Denice was met by a delegation in the lobby of the administration building. She asked three questions.
Where is the best coffee?
Where is the lady’s room?
Where is the IT office?
After dismissing most of the delegation, Denice was guided to the bowels of the building where IT ran its shop. Denice scanned across the bull-pen and noted the relative youth of the workers. She told the IT head, “I need an assistant. I am looking for somebody between thirty and thirty-five. I am looking for somebody who does not plug into social media during work hours. Further, I need to use a soundproof conference room to interview them. Find me four workers who meet my requirements. If I cannot find who I am looking for I will interview another four.”
“After you choose the four candidates but before you inform them, I want you to turn off all their computer access and authorities.”

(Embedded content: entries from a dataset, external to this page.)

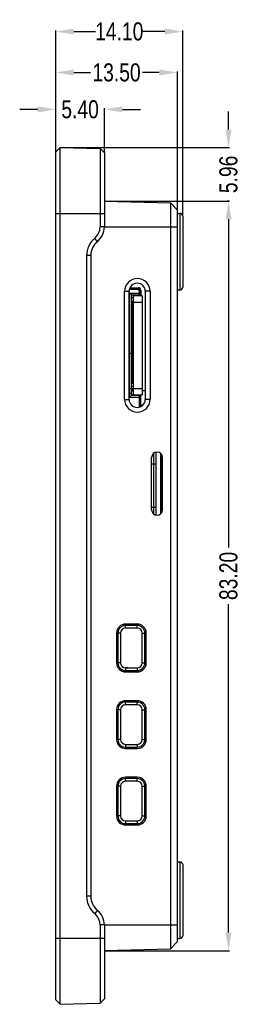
# Model space of a CAD drawing. Header units: inches. Extents: x -28 to 224, y -41 to 133.
# Tile 2 of 4: x 98 to 122, y 1 to 111. Entities that reach past the tile are written whole.
import ezdxf

# ---------------------------------------------------------------- set-up
doc = ezdxf.new("R2010")
doc.units = ezdxf.units.IN
doc.header["$LTSCALE"] = 1.21
doc.header["$MEASUREMENT"] = 0
doc.header["$PDMODE"] = 3
doc.header["$PDSIZE"] = 0.3125
doc.layers.get('0').update_dxf_attribs({"linetype": 'CONTINUOUS'})
doc.layers.get('Defpoints').update_dxf_attribs({"linetype": 'CONTINUOUS'})
for name, color, linetype in [('6871XX149022_PATTE2_1', 7, 'CONTINUOUS'), ('6871XX149022_PATTE_1', 7, 'CONTINUOUS'), ('DIM', 3, 'CONTINUOUS'), ('IMPORTED12', 7, 'CONTINUOUS')]:
    doc.layers.add(name, color=color, linetype=linetype)
doc.styles.get("Standard").update_dxf_attribs({"font": 'txt', "width": 0.8})
doc.dimstyles.get("Standard").update_dxf_attribs({"dimtxt": 0.15625, "dimasz": 0.1875, "dimexe": 0.125, "dimexo": 0.0625, "dimgap": 0.09, "dimtad": 0, "dimtih": 1, "dimtoh": 1, "dimzin": 4, "dimdsep": 46, "dimtxsty": 'Standard', "dimblk": '_FILLED', "dimblk1": '_FILLED', "dimblk2": '_FILLED', "dimcen": 0.09, "dimazin": 1, "dimtp": 0.01, "dimtm": 0.01, "dimtfac": 1, "dimtofl": 0, "dimtmove": 0, "dimatfit": 3, "dimldrblk": '_FILLED', "dimfxl": 1, "dimtolj": 1, "dimtzin": 4, "dimarcsym": 0})

# ---------------------------------------------------------------- blocks, each defined once
blk = doc.blocks.new('_FILLED')
at = {"color": 0, "linetype": 'ByBlock'}
blk.add_solid([(0, 0), (-1, 0.167), (-1, -0.167)], dxfattribs=at)
blk = doc.blocks.new('*D9')
at = {"layer": 'Defpoints', "color": 0}
for p in [(101.76, 100.85), (101.76, 96.12), (107.16, 96.01)]:
    blk.add_point(p, dxfattribs=at)
at = {"layer": 'DIM', "color": 0, "lineweight": -2}
for p, q in [((99.76, 100.85), (97.76, 100.85)), ((101.76, 96.19), (101.76, 100.97)), ((107.16, 96.07), (107.16, 100.97)), ((109.16, 100.85), (111.16, 100.85))]:
    blk.add_line(p, q, dxfattribs=at)
at = {"layer": 'DIM', "color": 0, "lineweight": -2, "xscale": 2, "yscale": 2, "zscale": 2}
blk.add_blockref('_FILLED', (101.76, 100.85), dxfattribs=at)
at = {"layer": 'DIM', "color": 0, "lineweight": -2, "xscale": 2, "yscale": 2, "zscale": 2, "rotation": 180}
blk.add_blockref('_FILLED', (107.16, 100.85), dxfattribs=at)
at = {"layer": 'DIM', "color": 0, "insert": (104.46, 100.85), "char_height": 2, "attachment_point": 5}
blk.add_mtext('\\A1;5.40', dxfattribs=at)
blk = doc.blocks.new('*D10')
at = {"layer": 'Defpoints', "color": 0}
for p in [(101.76, 104.94), (101.76, 96.12), (115.26, 89.69)]:
    blk.add_point(p, dxfattribs=at)
at = {"layer": 'DIM', "color": 0, "lineweight": -2}
for p, q in [((101.76, 96.19), (101.76, 105.07)), ((103.76, 104.94), (105.62, 104.94)), ((113.26, 104.94), (111.4, 104.94)), ((115.26, 89.75), (115.26, 105.07))]:
    blk.add_line(p, q, dxfattribs=at)
at = {"layer": 'DIM', "color": 0, "lineweight": -2, "xscale": 2, "yscale": 2, "zscale": 2, "rotation": 180}
blk.add_blockref('_FILLED', (101.76, 104.94), dxfattribs=at)
at = {"layer": 'DIM', "color": 0, "lineweight": -2, "xscale": 2, "yscale": 2, "zscale": 2}
blk.add_blockref('_FILLED', (115.26, 104.94), dxfattribs=at)
at = {"layer": 'DIM', "color": 0, "insert": (108.51, 104.94), "char_height": 2, "attachment_point": 5}
blk.add_mtext('\\A1;13.50', dxfattribs=at)
blk = doc.blocks.new('*D11')
at = {"layer": 'Defpoints', "color": 0}
for p in [(101.76, 109.49), (101.76, 96.12), (115.86, 89)]:
    blk.add_point(p, dxfattribs=at)
at = {"layer": 'DIM', "color": 0, "lineweight": -2}
for p, q in [((101.76, 96.19), (101.76, 109.62)), ((103.76, 109.49), (106.18, 109.49)), ((113.86, 109.49), (111.43, 109.49)), ((115.86, 89.07), (115.86, 109.62))]:
    blk.add_line(p, q, dxfattribs=at)
at = {"layer": 'DIM', "color": 0, "lineweight": -2, "xscale": 2, "yscale": 2, "zscale": 2, "rotation": 180}
blk.add_blockref('_FILLED', (101.76, 109.49), dxfattribs=at)
at = {"layer": 'DIM', "color": 0, "lineweight": -2, "xscale": 2, "yscale": 2, "zscale": 2}
blk.add_blockref('_FILLED', (115.86, 109.49), dxfattribs=at)
at = {"layer": 'DIM', "color": 0, "insert": (108.81, 109.49), "char_height": 2, "attachment_point": 5}
blk.add_mtext('\\A1;14.10', dxfattribs=at)
blk = doc.blocks.new('*D19')
at = {"layer": 'Defpoints', "color": 0}
for p in [(107.16, 90.65), (107.16, 7.45), (120.94, 7.45)]:
    blk.add_point(p, dxfattribs=at)
at = {"layer": 'DIM', "color": 0, "lineweight": -2}
for p, q in [((107.22, 90.65), (121.06, 90.65)), ((120.94, 88.65), (120.94, 52.21)), ((120.94, 9.45), (120.94, 45.9)), ((107.22, 7.45), (121.06, 7.45))]:
    blk.add_line(p, q, dxfattribs=at)
at = {"layer": 'DIM', "color": 0, "lineweight": -2, "xscale": 2, "yscale": 2, "zscale": 2}
for p, rotation in [((120.94, 90.65), 90), ((120.94, 7.45), 270)]:
    blk.add_blockref('_FILLED', p, dxfattribs=dict(at, rotation=rotation))
at = {"layer": 'DIM', "color": 0, "insert": (120.94, 49.05), "char_height": 2, "attachment_point": 5, "rotation": 90}
blk.add_mtext('\\A1;83.20', dxfattribs=at)
blk = doc.blocks.new('*D21')
at = {"layer": 'Defpoints', "color": 0}
for p in [(102.26, 96.61), (120.94, 90.65), (121.06, 90.65)]:
    blk.add_point(p, dxfattribs=at)
at = {"layer": 'DIM', "color": 0, "lineweight": -2}
for p, q in [((120.94, 98.61), (120.94, 100.61)), ((102.32, 96.61), (121.06, 96.61)), ((121, 90.65), (120.81, 90.65)), ((120.94, 88.65), (120.94, 86.65))]:
    blk.add_line(p, q, dxfattribs=at)
at = {"layer": 'DIM', "color": 0, "lineweight": -2, "xscale": 2, "yscale": 2, "zscale": 2}
for p, rotation in [((120.94, 96.61), 270), ((120.94, 90.65), 90)]:
    blk.add_blockref('_FILLED', p, dxfattribs=dict(at, rotation=rotation))
at = {"layer": 'DIM', "color": 0, "insert": (120.94, 93.63), "char_height": 2, "attachment_point": 5, "rotation": 90}
blk.add_mtext('\\A1;5.96', dxfattribs=at)

msp = doc.modelspace()

# ---------------------------------------------------------------- linework, layer by layer
at = {"color": 7, "linetype": 'Continuous'}
for p, q in [((101.755, 96.123), (102.255, 96.61)), ((102.255, 1.496), (102.255, 96.61)), ((102.255, 96.61), (106.681, 96.494)), ((106.681, 96.494), (106.681, 87.803)), ((107.155, 96.007), (106.681, 96.494)), ((101.755, 1.983), (101.755, 96.123)), ((107.155, 96.007), (107.155, 87.803)), ((107.155, 90.653), (114.506, 90.46)), ((114.506, 90.46), (114.506, 7.645)), ((115.255, 89.691), (114.506, 90.46)), ((115.255, 89.691), (115.255, 8.415)), ((101.755, 89.273), (107.155, 89.273)), ((115.255, 89.303), (115.555, 89.303)), ((115.555, 89.303), (115.555, 80.803)), ((115.855, 89.003), (115.855, 81.103)), ((107.155, 87.803), (106.681, 87.803)), ((107.155, 87.803), (115.255, 87.803)), ((106.381, 86.158), (106.083, 86.533)), ((105.181, 84.616), (105.181, 13.489)), ((105.655, 84.616), (105.181, 84.616)), ((105.655, 84.616), (105.655, 13.489)), ((110.905, 80.903), (109.941, 80.903)), ((109.95, 80.933), (110.905, 80.933)), ((109.999, 81.053), (110.905, 81.053)), ((110.297, 80.903), (110.355, 80.883)), ((110.355, 80.883), (110.355, 80.903)), ((110.405, 80.902), (110.405, 80.893)), ((110.405, 80.893), (110.408, 80.883)), ((110.805, 80.893), (110.803, 80.883)), ((110.805, 80.902), (110.805, 80.893)), ((110.905, 80.933), (110.905, 80.903)), ((109.406, 68.653), (109.406, 80.653)), ((109.406, 80.653), (109.905, 80.653)), ((109.905, 68.653), (109.905, 80.653)), ((109.936, 80.883), (110.855, 80.883)), ((109.955, 68.903), (109.955, 80.453)), ((110.155, 80.253), (109.955, 80.453)), ((109.955, 80.453), (111.055, 80.453)), ((110.155, 69.103), (110.155, 80.253)), ((110.155, 80.253), (111.055, 80.253)), ((110.155, 79.953), (110.355, 79.953)), ((110.355, 80.153), (110.355, 69.153)), ((111.355, 80.153), (110.355, 80.153)), ((110.755, 80.253), (110.755, 80.153)), ((110.855, 80.883), (111.055, 80.683)), ((111.055, 80.153), (111.055, 80.753)), ((111.055, 80.753), (111.085, 80.753)), ((111.085, 80.153), (111.085, 80.753)), ((111.205, 80.753), (111.205, 80.153)), ((111.355, 80.153), (111.355, 69.153)), ((111.705, 80.653), (111.705, 68.653)), ((112.232, 80.653), (111.705, 80.653)), ((112.232, 80.653), (112.232, 68.653)), ((115.255, 80.803), (115.555, 80.803)), ((110.155, 79.453), (110.305, 79.453)), ((110.155, 79.303), (110.305, 79.303)), ((110.155, 79.223), (110.305, 79.223)), ((110.155, 79.083), (110.305, 79.083)), ((110.155, 79.003), (110.305, 79.003)), ((110.155, 78.853), (110.305, 78.853)), ((110.255, 70.503), (110.255, 78.803)), ((110.355, 78.803), (110.255, 78.803)), ((110.355, 78.703), (110.255, 78.703)), ((110.305, 78.803), (110.305, 79.603)), ((110.355, 79.603), (110.305, 79.603)), ((110.355, 79.453), (111.355, 79.453)), ((110.255, 78.353), (110.155, 78.353)), ((110.155, 78.203), (110.255, 78.203)), ((110.155, 78.123), (110.255, 78.123)), ((110.155, 77.983), (110.255, 77.983)), ((110.155, 77.903), (110.255, 77.903)), ((110.155, 77.753), (110.255, 77.753)), ((110.205, 78.353), (110.205, 78.203)), ((110.205, 77.903), (110.205, 77.753)), ((110.155, 77.253), (110.255, 77.253)), ((110.155, 77.116), (110.203, 77.103)), ((110.155, 77.103), (110.255, 77.103)), ((110.155, 77.023), (110.255, 77.023)), ((110.255, 76.883), (110.155, 76.883)), ((110.203, 76.803), (110.155, 76.789)), ((110.155, 76.803), (110.255, 76.803)), ((110.155, 76.653), (110.255, 76.653)), ((110.205, 77.253), (110.205, 77.103)), ((110.205, 76.803), (110.205, 76.653)), ((110.155, 76.153), (110.255, 76.153)), ((110.155, 76.003), (110.255, 76.003)), ((110.155, 75.923), (110.255, 75.923)), ((110.255, 75.783), (110.155, 75.783)), ((110.155, 75.703), (110.255, 75.703)), ((110.155, 75.553), (110.255, 75.553)), ((110.205, 76.153), (110.205, 76.003)), ((110.205, 75.703), (110.205, 75.553)), ((110.155, 75.053), (110.255, 75.053)), ((110.203, 74.903), (110.155, 74.916)), ((110.155, 74.903), (110.255, 74.903)), ((110.155, 74.823), (110.255, 74.823)), ((110.155, 74.683), (110.255, 74.683)), ((110.203, 74.603), (110.155, 74.589)), ((110.155, 74.603), (110.255, 74.603)), ((110.155, 74.453), (110.255, 74.453)), ((110.205, 75.053), (110.205, 74.903)), ((110.205, 74.603), (110.205, 74.453)), ((110.155, 73.753), (109.905, 73.753)), ((110.155, 73.953), (110.255, 73.953)), ((110.155, 73.803), (110.255, 73.803)), ((110.155, 73.723), (110.255, 73.723)), ((110.155, 73.583), (110.255, 73.583)), ((110.155, 73.503), (110.255, 73.503)), ((110.155, 73.353), (110.255, 73.353)), ((110.205, 73.953), (110.205, 73.803)), ((110.205, 73.503), (110.205, 73.353)), ((110.155, 72.853), (110.255, 72.853)), ((110.155, 72.703), (110.255, 72.703)), ((110.155, 72.623), (110.255, 72.623)), ((110.255, 72.483), (110.155, 72.483)), ((110.155, 72.403), (110.255, 72.403)), ((110.155, 72.253), (110.255, 72.253)), ((110.205, 72.853), (110.205, 72.703)), ((110.205, 72.403), (110.205, 72.253)), ((110.155, 71.753), (110.255, 71.753)), ((110.155, 71.603), (110.255, 71.603)), ((110.155, 71.523), (110.255, 71.523)), ((110.255, 71.383), (110.155, 71.383)), ((110.155, 71.303), (110.255, 71.303)), ((110.155, 71.153), (110.255, 71.153)), ((110.205, 71.753), (110.205, 71.603)), ((110.205, 71.303), (110.205, 71.153)), ((110.355, 70.403), (110.155, 70.403)), ((110.155, 70.103), (110.355, 70.103)), ((110.355, 70.603), (110.255, 70.603)), ((110.355, 70.503), (110.255, 70.503)), ((109.905, 69.916), (109.955, 69.916)), ((110.155, 69.302), (109.905, 69.302)), ((109.955, 69.916), (110.155, 69.793)), ((109.955, 68.903), (110.155, 69.103)), ((109.955, 68.903), (111.055, 68.903)), ((110.205, 69.903), (110.155, 69.903)), ((110.155, 69.603), (110.355, 69.603)), ((110.155, 69.203), (110.355, 69.203)), ((110.155, 69.103), (111.055, 69.103)), ((110.205, 69.903), (110.205, 69.603)), ((110.355, 69.853), (111.355, 69.853)), ((110.355, 69.153), (111.355, 69.153)), ((111.005, 69.153), (111.005, 69.103)), ((111.055, 67.788), (111.055, 69.153)), ((111.085, 68.403), (111.085, 69.153)), ((111.205, 67.847), (111.205, 69.153)), ((111.355, 69.642), (111.705, 69.642)), ((109.406, 68.653), (109.905, 68.653)), ((111.205, 68.403), (111.085, 68.403)), ((111.085, 67.798), (111.085, 68.103)), ((111.085, 68.103), (111.175, 68.103)), ((111.175, 68.103), (111.175, 67.833)), ((111.205, 68.053), (111.355, 68.053)), ((111.355, 68.053), (111.355, 67.941)), ((112.232, 68.653), (111.705, 68.653)), ((112.605, 62.65), (112.605, 55.956)), ((112.855, 62.753), (112.855, 55.822)), ((112.905, 55.811), (112.905, 62.794)), ((113.405, 62.65), (113.405, 55.956)), ((113.496, 62.547), (113.496, 56.058)), ((112.405, 56.403), (112.405, 62.203)), ((112.855, 61.463), (112.405, 61.463)), ((113.605, 61.803), (113.405, 61.803)), ((113.605, 56.403), (113.605, 62.203)), ((112.855, 56.643), (112.405, 56.643)), ((113.605, 56.803), (113.405, 56.803)), ((108.505, 42.703), (108.505, 39.403)), ((108.655, 42.703), (108.655, 39.403)), ((108.955, 42.703), (108.655, 42.703)), ((108.955, 42.703), (108.955, 39.403)), ((110.805, 43.703), (109.505, 43.703)), ((109.505, 43.253), (109.505, 43.553)), ((110.805, 43.553), (109.505, 43.553)), ((110.805, 43.253), (109.505, 43.253)), ((110.805, 43.253), (110.805, 43.553)), ((111.355, 39.403), (111.355, 42.703)), ((111.355, 42.703), (111.655, 42.703)), ((111.655, 39.403), (111.655, 42.703)), ((111.805, 39.403), (111.805, 42.703)), ((108.955, 39.403), (108.655, 39.403)), ((111.355, 39.403), (111.655, 39.403)), ((109.505, 38.853), (109.505, 38.553)), ((109.505, 38.853), (110.805, 38.853)), ((109.505, 38.553), (110.805, 38.553)), ((109.505, 38.403), (110.805, 38.403)), ((110.805, 38.853), (110.805, 38.553)), ((110.805, 35.203), (109.505, 35.203)), ((109.505, 34.753), (109.505, 35.053)), ((110.805, 35.053), (109.505, 35.053)), ((110.805, 34.753), (110.805, 35.053)), ((108.505, 34.203), (108.505, 30.903)), ((108.655, 34.203), (108.655, 30.903)), ((108.955, 34.203), (108.655, 34.203)), ((108.955, 34.203), (108.955, 30.903)), ((110.805, 34.753), (109.505, 34.753)), ((111.355, 30.903), (111.355, 34.203)), ((111.355, 34.203), (111.655, 34.203)), ((111.655, 30.903), (111.655, 34.203)), ((111.805, 30.903), (111.805, 34.203)), ((108.955, 30.903), (108.655, 30.903)), ((111.355, 30.903), (111.655, 30.903)), ((109.505, 30.353), (109.505, 30.053)), ((109.505, 30.353), (110.805, 30.353)), ((109.505, 30.053), (110.805, 30.053)), ((109.505, 29.903), (110.805, 29.903)), ((110.805, 30.353), (110.805, 30.053)), ((110.805, 26.703), (109.505, 26.703)), ((109.505, 26.253), (109.505, 26.553)), ((110.805, 26.553), (109.505, 26.553)), ((110.805, 26.253), (109.505, 26.253)), ((110.805, 26.253), (110.805, 26.553)), ((108.505, 25.703), (108.505, 22.403)), ((108.655, 25.703), (108.655, 22.403)), ((108.955, 25.703), (108.655, 25.703)), ((108.955, 25.703), (108.955, 22.403)), ((111.355, 22.403), (111.355, 25.703)), ((111.355, 25.703), (111.655, 25.703)), ((111.655, 22.403), (111.655, 25.703)), ((111.805, 22.403), (111.805, 25.703)), ((108.955, 22.403), (108.655, 22.403)), ((111.355, 22.403), (111.655, 22.403)), ((109.505, 21.853), (109.505, 21.553)), ((109.505, 21.853), (110.805, 21.853)), ((109.505, 21.553), (110.805, 21.553)), ((109.505, 21.403), (110.805, 21.403)), ((110.805, 21.853), (110.805, 21.553)), ((115.255, 17.303), (115.555, 17.303)), ((115.555, 17.303), (115.555, 8.803)), ((115.855, 17.003), (115.855, 9.103)), ((105.655, 13.489), (105.181, 13.489)), ((106.381, 11.948), (106.083, 11.573)), ((107.155, 10.303), (106.681, 10.303)), ((106.681, 10.303), (106.681, 1.612)), ((107.155, 10.303), (115.255, 10.303)), ((107.155, 10.303), (107.155, 2.099)), ((101.755, 8.833), (107.155, 8.833)), ((115.255, 8.803), (115.555, 8.803)), ((115.255, 8.415), (114.506, 7.645)), ((107.155, 7.453), (114.506, 7.645)), ((101.755, 1.983), (102.255, 1.496)), ((102.255, 1.496), (106.681, 1.612)), ((107.155, 2.099), (106.681, 1.612))]:
    msp.add_line(p, q, dxfattribs=at)
for centre, radius, start, end in [((115.555, 89.003), 0.3, 0, 90), ((105.033, 87.803), 1.648, 309.58655, 360), ((105.02, 87.803), 2.135, 309.58655, 0), ((107.668, 84.616), 2.487, 129.58655, 180), ((107.655, 84.616), 2, 129.58655, 180), ((110.819, 80.653), 1.413, 0, 180), ((110.805, 80.653), 0.9, 0, 180), ((110.905, 80.753), 0.3, 0, 90), ((110.905, 80.753), 0.18, 360, 90), ((110.905, 80.753), 0.15, 0, 90), ((115.555, 81.103), 0.3, 270, 0), ((110.355, 78.753), 0.15, 109.59434, 138.18969), ((110.819, 68.653), 1.413, 180, 0), ((110.805, 68.653), 0.9, 180, 0), ((113.005, 62.203), 0.6, 0, 180), ((112.605, 62.753), 0.25, 0, 6.86371), ((113.005, 56.403), 0.6, 180, 0), ((109.505, 42.703), 1, 90, 180), ((109.505, 42.703), 0.85, 90, 180), ((109.505, 42.703), 0.55, 90, 180), ((110.805, 42.703), 1, 0, 90), ((110.805, 42.703), 0.85, 0, 90), ((110.805, 42.703), 0.55, 0, 90), ((109.505, 39.403), 1, 180, 270), ((109.505, 39.403), 0.85, 180, 270), ((109.505, 39.403), 0.55, 180, 270), ((110.805, 39.403), 1, 270, 0), ((110.805, 39.403), 0.85, 270, 0), ((110.805, 39.403), 0.55, 270, 0), ((109.505, 34.203), 1, 90, 180), ((109.505, 34.203), 0.85, 90, 180), ((110.805, 34.203), 1, 0, 90), ((110.805, 34.203), 0.85, 0, 90), ((109.505, 34.203), 0.55, 90, 180), ((110.805, 34.203), 0.55, 0, 90), ((109.505, 30.903), 1, 180, 270), ((109.505, 30.903), 0.85, 180, 270), ((109.505, 30.903), 0.55, 180, 270), ((110.805, 30.903), 1, 270, 0), ((110.805, 30.903), 0.85, 270, 0), ((110.805, 30.903), 0.55, 270, 0), ((109.505, 25.703), 1, 90, 180), ((109.505, 25.703), 0.85, 90, 180), ((109.505, 25.703), 0.55, 90, 180), ((110.805, 25.703), 1, 0, 90), ((110.805, 25.703), 0.85, 0, 90), ((110.805, 25.703), 0.55, 0, 90), ((109.505, 22.403), 1, 180, 270), ((109.505, 22.403), 0.85, 180, 270), ((109.505, 22.403), 0.55, 180, 270), ((110.805, 22.403), 1, 270, 0), ((110.805, 22.403), 0.85, 270, 0), ((110.805, 22.403), 0.55, 270, 0), ((115.555, 17.003), 0.3, 0, 90), ((107.668, 13.489), 2.487, 180, 230.41345), ((107.655, 13.489), 2, 180, 230.41345), ((105.033, 10.303), 1.648, 0, 50.41345), ((105.02, 10.303), 2.135, 0, 50.41345), ((115.555, 9.103), 0.3, 270, 0)]:
    msp.add_arc(centre, radius, start, end, dxfattribs=at)
for centre, start_param, end_param in [((111.085, 68.253), 0, 0.2013579), ((111.085, 68.253), -3.3429506, -3.1415927), ((111.175, 68.253), -3.1415927, -2.9402347)]:
    msp.add_ellipse(centre, major_axis=(0, 0.15), ratio=1, start_param=start_param, end_param=end_param, dxfattribs=at)
at = {"layer": '6871XX149022_PATTE2_1', "color": 6, "linetype": 'Continuous'}
msp.add_line((109.755, 38.853), (109.505, 38.853), dxfattribs=at)
at = {"layer": '6871XX149022_PATTE_1', "color": 6, "linetype": 'Continuous'}
msp.add_line((109.755, 38.853), (109.505, 38.853), dxfattribs=at)
at = {"layer": 'IMPORTED12', "color": 6, "linetype": 'Continuous'}
for p, q in [((109.905, 80.453), (109.905, 80.303)), ((109.955, 80.453), (109.955, 80.303))]:
    msp.add_line(p, q, dxfattribs=at)

# ---------------------------------------------------------------- dimensions: what is measured, and where the dimension line sits
at = {"layer": 'DIM'}
for base, p1, picture, middle in [((101.755, 109.492), (115.855, 89.003), '*D11', (108.805, 109.492)), ((101.755, 104.943), (115.255, 89.691), '*D10', (108.505, 104.943)), ((101.755, 100.85), (107.155, 96.007), '*D9', (104.455, 100.85))]:
    dim = msp.add_linear_dim(base=base, p1=p1, p2=(101.755, 96.123), dimstyle='Standard', override={"dimtxt": 2, "dimasz": 2, "dimtih": 0, "dimtoh": 0, "dimzin": 0, "dimcen": 0.198, "dimadec": 0, "dimazin": 0, "dimtp": 0, "dimtm": 0, "dimtdec": 4, "dimtzin": 0}, dxfattribs=at)
    dim.commit()
    dim.dimension.update_dxf_attribs({"geometry": picture, "text_midpoint": middle})
for base, p1, p2, picture, middle in [((120.939, 90.653), (102.255, 96.61), (121.061, 90.653), '*D21', (120.939, 93.631)), ((120.936, 7.453), (107.155, 90.653), (107.155, 7.453), '*D19', (120.936, 49.053))]:
    dim = msp.add_linear_dim(base=base, p1=p1, p2=p2, angle=90, dimstyle='Standard', override={"dimtxt": 2, "dimasz": 2, "dimtih": 0, "dimtoh": 0, "dimzin": 0, "dimcen": 0.198, "dimadec": 0, "dimazin": 0, "dimtp": 0, "dimtm": 0, "dimtdec": 4, "dimtzin": 0}, dxfattribs=at)
    dim.commit()
    dim.dimension.update_dxf_attribs({"geometry": picture, "text_midpoint": middle})

doc.saveas('drawing.dxf')

Coffee in hand, Denice awaited the first candidate. He was tall, his hair was meticulously styled and he wore a suit. Appearances are important everywhere, but especially in Southern California.
Denice said, “Shut the door.”
The young man complied.
Even before he sat down, Denice commanded him, “Sing the first verse of The Battle Hymn of the Republic.”
The man, looking baffled, said “I don’t sing.”
Denice said. “This interview is over. Tell the next candidate to come in.”
Only one candidate burst into song. She was a mousy looking Hispanic woman named Liz Huerta. Denice gave Liz the job.
Fifteen minutes after informing the head of IT that she was losing the services of Miss Huerta, the head of IT informed Denice that one of her employees had filed a complaint with Personnel. Apparently, Liz was fifth highest seniority in the department. The head of IT said the complaint would lock up the transfer.
After freshening up her cup of coffee, Denice said “Send the four people with higher seniority than Liz back into the conference room. I will resolve this.”
Not surprisingly, the tall man was one of the four high seniority workers. In fact, he was the employee with the highest seniority.
Denice said, “I need an assistant and I need that assistant today. There is a clear, obvious solution to this problem but I am not going to put it to a vote. I will let seniority decide.”
She looked straight at the man with the highest seniority. “Do you want me to implement that solution?”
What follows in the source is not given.